Methods Data were collected prospectively from adult patients admitted through an Acute Medical Unit between February and August 2013. Using logistic regression analysis before and after adjustment for age, the SCS was assessed for its association with LOS and mortality, including 30-day mortality, just for those patients for full resuscitation. Changes in sensitivity and specificity after adding SCS to age as a predictor, as well as the change in the net reclassification index, were determined using the predicted probabilities from the logistic regression models.
Results The SCS was superior to age in predicting mortality of any patient within 30 days. It did not assist in predicting 30-day mortality for those patients who were for full resuscitation. The ability of the SCS to predict long stay (>72 h) remained relatively low (64%) and was inferior to published rates achieved by bedside clinician assessment (74%–82%).

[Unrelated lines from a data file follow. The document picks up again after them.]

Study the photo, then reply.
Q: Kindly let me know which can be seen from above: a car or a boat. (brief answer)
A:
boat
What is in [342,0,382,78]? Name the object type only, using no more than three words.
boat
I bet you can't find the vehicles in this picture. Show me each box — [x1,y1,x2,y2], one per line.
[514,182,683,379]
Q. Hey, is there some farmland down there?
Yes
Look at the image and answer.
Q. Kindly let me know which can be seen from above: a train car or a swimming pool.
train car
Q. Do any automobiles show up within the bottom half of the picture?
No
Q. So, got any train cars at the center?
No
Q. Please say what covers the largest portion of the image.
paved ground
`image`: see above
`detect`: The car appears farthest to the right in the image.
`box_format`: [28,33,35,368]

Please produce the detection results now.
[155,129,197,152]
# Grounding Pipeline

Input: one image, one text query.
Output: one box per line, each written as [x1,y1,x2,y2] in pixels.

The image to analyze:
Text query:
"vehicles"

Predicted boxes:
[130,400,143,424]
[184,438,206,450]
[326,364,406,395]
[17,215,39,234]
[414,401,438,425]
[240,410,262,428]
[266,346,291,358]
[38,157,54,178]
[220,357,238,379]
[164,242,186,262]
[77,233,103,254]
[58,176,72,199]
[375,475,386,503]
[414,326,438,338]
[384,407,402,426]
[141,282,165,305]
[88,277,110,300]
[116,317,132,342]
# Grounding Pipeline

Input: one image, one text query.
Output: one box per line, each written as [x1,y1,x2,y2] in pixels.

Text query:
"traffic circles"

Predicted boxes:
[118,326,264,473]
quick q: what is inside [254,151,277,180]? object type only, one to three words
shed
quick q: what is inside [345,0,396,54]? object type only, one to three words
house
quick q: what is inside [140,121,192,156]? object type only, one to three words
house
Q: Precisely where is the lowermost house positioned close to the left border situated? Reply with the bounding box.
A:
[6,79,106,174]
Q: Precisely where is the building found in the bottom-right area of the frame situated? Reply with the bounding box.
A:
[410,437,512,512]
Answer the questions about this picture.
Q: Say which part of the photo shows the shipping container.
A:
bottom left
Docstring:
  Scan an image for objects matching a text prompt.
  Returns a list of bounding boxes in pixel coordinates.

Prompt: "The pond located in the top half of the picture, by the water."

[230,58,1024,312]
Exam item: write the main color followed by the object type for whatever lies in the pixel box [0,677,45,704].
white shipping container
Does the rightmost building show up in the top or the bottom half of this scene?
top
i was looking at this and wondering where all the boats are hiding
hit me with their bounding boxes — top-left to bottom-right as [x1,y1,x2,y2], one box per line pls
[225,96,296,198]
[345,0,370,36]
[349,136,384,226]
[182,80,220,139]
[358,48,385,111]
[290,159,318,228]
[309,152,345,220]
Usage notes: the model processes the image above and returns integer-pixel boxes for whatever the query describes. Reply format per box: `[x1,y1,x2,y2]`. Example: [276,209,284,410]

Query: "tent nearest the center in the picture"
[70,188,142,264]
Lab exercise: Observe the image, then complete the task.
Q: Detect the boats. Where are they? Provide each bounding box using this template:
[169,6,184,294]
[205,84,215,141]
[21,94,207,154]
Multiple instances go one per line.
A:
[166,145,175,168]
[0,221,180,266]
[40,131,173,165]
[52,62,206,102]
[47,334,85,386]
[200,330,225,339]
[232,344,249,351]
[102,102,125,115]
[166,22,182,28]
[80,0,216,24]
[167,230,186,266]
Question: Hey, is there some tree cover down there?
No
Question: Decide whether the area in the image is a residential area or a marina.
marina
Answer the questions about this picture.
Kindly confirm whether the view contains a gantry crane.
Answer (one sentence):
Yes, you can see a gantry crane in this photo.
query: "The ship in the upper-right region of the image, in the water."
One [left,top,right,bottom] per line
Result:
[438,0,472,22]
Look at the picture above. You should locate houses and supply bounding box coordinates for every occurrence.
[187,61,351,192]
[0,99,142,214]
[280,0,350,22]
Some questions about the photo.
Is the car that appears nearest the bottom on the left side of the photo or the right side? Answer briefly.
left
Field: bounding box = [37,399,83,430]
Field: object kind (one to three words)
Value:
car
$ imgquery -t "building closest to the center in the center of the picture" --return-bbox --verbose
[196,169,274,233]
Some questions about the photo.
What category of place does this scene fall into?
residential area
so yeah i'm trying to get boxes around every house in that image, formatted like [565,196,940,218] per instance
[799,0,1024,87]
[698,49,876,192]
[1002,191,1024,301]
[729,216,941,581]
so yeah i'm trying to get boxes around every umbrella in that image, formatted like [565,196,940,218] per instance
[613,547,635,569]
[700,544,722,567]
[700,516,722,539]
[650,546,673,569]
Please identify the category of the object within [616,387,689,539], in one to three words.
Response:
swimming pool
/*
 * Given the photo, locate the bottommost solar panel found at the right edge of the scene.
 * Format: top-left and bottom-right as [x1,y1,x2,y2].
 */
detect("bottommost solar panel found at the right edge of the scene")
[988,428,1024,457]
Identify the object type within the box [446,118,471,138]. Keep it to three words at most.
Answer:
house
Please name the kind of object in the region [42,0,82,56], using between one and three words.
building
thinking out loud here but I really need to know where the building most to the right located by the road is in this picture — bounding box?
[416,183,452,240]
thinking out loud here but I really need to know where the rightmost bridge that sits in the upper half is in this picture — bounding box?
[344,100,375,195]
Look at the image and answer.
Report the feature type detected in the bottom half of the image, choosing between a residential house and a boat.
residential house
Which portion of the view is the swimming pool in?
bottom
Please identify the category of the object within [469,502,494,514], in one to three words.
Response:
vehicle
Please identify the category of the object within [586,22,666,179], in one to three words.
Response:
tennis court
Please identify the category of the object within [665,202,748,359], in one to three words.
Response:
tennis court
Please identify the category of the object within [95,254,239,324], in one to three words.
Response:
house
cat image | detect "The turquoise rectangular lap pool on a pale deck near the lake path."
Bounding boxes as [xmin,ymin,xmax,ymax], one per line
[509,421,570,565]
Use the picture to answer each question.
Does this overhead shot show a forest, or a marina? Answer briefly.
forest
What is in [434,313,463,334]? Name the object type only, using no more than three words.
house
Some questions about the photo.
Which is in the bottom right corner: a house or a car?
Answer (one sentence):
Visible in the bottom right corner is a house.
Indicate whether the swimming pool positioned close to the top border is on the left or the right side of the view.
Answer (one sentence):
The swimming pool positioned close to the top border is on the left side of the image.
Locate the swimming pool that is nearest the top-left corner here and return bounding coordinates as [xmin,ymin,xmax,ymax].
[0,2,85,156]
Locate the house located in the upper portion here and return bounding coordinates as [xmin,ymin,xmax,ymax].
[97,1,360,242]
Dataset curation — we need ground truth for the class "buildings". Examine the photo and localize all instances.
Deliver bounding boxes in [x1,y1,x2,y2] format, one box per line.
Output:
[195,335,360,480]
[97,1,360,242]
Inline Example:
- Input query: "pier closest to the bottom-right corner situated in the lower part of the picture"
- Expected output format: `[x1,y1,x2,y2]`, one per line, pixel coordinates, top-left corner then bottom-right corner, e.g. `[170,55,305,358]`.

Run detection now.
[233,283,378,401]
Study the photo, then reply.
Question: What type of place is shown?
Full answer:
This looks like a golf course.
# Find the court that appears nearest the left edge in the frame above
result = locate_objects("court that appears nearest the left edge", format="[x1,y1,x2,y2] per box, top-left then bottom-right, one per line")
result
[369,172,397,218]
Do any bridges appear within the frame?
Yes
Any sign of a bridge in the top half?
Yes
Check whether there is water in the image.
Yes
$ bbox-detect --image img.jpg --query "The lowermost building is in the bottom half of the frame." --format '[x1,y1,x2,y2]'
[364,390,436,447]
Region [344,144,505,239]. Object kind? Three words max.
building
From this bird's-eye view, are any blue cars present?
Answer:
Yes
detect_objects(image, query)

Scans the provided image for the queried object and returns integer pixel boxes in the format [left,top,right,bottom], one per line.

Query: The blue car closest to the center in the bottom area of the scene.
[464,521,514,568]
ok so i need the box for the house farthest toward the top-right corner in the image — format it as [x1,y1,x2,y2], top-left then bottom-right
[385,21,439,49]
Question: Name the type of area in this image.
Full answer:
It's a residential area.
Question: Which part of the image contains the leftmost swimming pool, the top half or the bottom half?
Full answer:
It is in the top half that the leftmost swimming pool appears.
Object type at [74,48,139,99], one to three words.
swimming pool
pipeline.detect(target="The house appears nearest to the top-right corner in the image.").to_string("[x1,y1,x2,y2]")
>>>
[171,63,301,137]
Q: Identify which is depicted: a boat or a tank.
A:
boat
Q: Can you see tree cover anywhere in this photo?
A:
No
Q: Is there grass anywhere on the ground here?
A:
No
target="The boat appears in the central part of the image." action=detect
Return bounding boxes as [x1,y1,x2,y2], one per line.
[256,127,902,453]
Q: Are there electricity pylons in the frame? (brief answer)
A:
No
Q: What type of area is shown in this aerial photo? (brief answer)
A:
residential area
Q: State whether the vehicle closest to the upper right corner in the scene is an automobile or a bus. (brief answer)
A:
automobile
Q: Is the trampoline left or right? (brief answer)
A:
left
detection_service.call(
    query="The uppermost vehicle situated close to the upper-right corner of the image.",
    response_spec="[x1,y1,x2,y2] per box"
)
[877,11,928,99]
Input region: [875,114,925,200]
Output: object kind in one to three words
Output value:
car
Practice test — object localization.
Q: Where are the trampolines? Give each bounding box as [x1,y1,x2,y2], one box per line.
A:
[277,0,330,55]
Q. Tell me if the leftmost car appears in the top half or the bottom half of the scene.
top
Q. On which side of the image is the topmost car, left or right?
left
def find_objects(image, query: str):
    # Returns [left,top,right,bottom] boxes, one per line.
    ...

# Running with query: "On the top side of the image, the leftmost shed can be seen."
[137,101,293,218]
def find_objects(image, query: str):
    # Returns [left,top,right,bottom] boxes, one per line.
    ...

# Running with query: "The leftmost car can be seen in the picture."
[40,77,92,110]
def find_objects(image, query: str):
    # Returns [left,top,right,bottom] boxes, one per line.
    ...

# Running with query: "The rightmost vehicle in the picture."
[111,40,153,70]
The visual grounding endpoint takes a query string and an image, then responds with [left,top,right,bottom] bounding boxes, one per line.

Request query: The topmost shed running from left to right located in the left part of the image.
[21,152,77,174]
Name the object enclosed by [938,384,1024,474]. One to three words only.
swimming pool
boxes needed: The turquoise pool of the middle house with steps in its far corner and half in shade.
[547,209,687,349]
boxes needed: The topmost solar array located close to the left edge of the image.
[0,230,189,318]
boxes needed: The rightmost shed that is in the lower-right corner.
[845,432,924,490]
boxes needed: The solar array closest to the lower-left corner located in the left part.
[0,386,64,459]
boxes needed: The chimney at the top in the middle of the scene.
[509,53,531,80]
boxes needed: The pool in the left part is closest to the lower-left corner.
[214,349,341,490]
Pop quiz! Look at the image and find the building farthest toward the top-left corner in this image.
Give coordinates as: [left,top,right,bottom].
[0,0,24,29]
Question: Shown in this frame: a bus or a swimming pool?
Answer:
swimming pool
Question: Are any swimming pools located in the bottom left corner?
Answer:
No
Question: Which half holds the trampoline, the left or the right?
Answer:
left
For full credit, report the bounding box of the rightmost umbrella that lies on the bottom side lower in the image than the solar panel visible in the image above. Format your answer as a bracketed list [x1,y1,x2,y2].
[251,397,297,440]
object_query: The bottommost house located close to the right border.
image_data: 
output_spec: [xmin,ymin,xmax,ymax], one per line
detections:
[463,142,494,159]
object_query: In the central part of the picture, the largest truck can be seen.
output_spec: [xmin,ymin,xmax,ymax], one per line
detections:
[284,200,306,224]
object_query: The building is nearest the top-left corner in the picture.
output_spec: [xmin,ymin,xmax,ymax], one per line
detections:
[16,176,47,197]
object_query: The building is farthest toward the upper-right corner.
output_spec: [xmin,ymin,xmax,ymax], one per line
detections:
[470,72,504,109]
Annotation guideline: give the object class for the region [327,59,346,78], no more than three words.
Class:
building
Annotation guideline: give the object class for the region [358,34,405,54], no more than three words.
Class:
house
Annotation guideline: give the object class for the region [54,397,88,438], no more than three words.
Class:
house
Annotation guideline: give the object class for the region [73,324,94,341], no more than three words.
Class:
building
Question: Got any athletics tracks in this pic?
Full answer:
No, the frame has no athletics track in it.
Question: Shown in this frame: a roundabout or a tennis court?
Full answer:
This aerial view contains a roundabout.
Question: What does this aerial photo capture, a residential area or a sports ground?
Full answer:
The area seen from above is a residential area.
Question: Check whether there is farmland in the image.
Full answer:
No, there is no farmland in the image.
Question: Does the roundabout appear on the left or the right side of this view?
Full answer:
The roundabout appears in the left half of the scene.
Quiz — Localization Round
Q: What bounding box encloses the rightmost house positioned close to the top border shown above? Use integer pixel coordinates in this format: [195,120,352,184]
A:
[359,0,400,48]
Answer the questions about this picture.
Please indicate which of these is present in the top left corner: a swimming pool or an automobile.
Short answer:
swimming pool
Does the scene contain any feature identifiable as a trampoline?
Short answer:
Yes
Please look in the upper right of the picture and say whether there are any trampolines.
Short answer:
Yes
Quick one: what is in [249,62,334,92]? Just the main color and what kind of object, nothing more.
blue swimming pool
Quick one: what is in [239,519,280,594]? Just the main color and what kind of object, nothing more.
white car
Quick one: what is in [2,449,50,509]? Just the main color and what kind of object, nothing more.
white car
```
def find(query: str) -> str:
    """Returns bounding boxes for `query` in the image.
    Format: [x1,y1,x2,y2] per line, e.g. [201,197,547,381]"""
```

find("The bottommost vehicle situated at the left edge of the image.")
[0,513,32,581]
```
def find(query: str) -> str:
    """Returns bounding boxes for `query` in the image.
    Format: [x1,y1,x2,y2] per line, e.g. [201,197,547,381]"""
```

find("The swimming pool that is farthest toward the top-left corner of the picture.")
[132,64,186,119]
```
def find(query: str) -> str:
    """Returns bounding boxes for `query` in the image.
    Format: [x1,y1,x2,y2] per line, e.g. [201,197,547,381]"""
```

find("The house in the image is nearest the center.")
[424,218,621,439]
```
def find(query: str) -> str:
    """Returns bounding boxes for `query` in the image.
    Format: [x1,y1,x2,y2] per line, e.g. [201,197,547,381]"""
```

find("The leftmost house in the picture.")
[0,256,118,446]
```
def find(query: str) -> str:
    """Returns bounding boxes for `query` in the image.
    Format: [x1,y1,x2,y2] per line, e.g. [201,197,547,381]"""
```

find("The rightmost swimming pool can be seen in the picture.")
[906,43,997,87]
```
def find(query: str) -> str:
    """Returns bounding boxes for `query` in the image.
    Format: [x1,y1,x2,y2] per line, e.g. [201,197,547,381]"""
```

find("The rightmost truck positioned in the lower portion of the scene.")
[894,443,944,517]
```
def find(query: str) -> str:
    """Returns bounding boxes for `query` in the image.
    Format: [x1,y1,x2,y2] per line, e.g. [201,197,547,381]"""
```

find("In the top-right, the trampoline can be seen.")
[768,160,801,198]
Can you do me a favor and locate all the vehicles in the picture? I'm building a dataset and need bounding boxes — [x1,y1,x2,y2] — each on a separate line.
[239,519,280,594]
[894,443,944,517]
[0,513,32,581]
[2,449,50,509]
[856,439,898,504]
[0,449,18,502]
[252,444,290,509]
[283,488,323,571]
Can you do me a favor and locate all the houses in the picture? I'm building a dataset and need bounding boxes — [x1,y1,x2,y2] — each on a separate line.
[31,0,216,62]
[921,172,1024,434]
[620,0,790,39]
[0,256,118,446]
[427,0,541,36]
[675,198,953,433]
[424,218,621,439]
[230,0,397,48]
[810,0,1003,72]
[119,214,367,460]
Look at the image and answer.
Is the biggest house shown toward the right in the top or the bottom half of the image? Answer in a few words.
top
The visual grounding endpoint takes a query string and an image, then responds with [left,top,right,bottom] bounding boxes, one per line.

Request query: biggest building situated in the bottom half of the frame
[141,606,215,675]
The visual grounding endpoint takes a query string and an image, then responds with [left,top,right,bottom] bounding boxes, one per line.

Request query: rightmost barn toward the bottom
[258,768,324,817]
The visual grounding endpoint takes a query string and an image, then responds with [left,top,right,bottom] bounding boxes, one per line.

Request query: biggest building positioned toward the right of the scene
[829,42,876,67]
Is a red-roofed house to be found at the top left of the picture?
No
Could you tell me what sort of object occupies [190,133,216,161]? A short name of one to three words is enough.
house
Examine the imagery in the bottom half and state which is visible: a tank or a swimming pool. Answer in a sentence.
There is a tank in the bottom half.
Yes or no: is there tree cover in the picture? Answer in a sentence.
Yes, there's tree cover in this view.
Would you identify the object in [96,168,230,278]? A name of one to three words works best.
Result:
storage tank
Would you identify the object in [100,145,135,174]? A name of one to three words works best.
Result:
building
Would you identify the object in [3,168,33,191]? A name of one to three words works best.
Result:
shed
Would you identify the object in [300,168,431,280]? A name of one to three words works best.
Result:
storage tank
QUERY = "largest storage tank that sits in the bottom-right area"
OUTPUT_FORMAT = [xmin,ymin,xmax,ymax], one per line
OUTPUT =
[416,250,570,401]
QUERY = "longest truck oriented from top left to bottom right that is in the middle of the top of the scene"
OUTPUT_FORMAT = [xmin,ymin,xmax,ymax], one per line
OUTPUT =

Conclusion There was no useful prospective role for the SCS in predicting LOS and mortality of in-patients newly admitted to a General Medicine service.
What is known about the topic? After their presentation to the emergency department, care efficiency is improved by the ‘streaming’ of patients according to their risk of imminent deterioration and their likelihood of being a long-stay patient. Although streaming is currently effected by bedside assessment of the patient, an accepted aggregate assessment score may assist disposition decisions.
What does this paper add? Bedside assessment of each patient still offers the most accurate method for identifying the long-stay patient. The SCS, good at predicting 30-day mortality of all new admissions, is not useful for predicting the death of those admissions who are for full resuscitation.
What are the implications for practitioners? When deciding admitted patients’ disposition on leaving the emergency department, a simple aggregate score based on patient physiology, comorbidity and functionality has little to offer practitioners beyond knowledge of each patient’s age.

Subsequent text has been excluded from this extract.